- _TASK DESCRIPTION_: Go line by line through the entries below and copy those containing the string "oriented".
MATERIALS PROVIDED Block Start
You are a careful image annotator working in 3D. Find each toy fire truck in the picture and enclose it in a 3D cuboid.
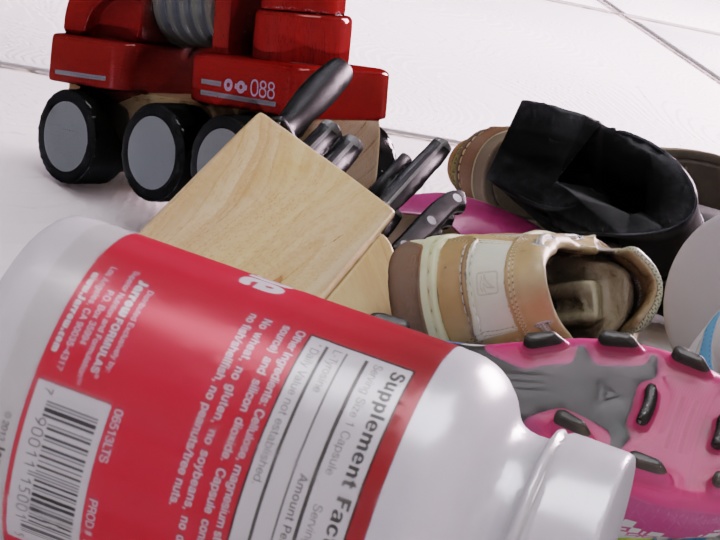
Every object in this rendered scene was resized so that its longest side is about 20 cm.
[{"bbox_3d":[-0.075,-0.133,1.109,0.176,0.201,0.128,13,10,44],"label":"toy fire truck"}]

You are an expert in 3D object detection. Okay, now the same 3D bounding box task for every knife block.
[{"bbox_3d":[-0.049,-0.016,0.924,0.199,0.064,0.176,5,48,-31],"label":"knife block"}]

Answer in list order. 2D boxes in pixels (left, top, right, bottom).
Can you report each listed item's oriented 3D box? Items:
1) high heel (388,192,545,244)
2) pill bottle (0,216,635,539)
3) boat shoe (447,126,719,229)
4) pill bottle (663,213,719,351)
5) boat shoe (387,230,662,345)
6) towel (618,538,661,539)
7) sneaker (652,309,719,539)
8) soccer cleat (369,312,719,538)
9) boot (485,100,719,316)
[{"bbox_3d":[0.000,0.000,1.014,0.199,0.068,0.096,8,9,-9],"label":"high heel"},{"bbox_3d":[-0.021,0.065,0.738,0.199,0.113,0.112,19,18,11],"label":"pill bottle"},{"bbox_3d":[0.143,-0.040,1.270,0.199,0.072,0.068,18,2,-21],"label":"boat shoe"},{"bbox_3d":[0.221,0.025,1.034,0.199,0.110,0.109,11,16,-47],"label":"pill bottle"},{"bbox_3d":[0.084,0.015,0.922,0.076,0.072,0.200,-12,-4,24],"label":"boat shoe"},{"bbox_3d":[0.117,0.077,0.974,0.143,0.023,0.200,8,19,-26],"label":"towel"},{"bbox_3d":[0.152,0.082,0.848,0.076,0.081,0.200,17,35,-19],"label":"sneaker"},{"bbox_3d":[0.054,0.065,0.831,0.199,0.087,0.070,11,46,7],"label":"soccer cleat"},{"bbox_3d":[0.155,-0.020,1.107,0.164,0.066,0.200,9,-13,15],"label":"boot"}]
MATERIALS PROVIDED Block End
MATERIALS PROVIDED Block Start
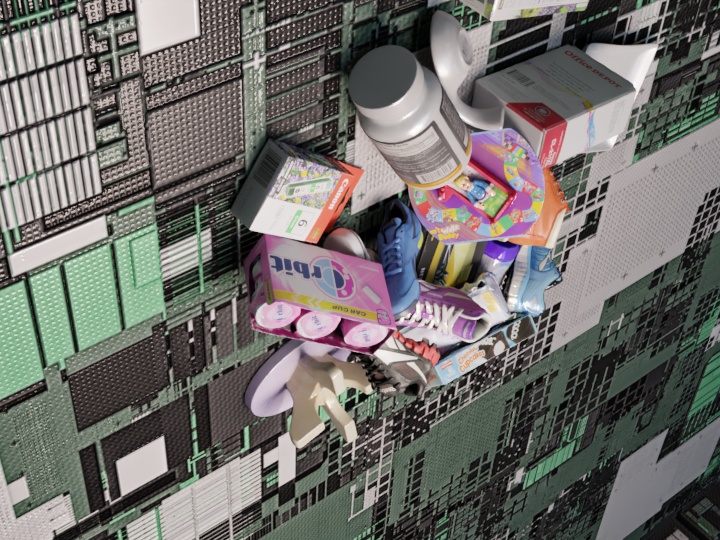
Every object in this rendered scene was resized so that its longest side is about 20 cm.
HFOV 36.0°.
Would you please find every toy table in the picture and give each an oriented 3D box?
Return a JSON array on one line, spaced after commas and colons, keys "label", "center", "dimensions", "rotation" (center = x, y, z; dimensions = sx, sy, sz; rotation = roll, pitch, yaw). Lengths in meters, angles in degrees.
MATERIALS PROVIDED Block End
- _EXERCISE ANSWER_:
Can you report each listed item's oriented 3D box? Items:
Would you please find every toy table in the picture and give each an oriented 3D box?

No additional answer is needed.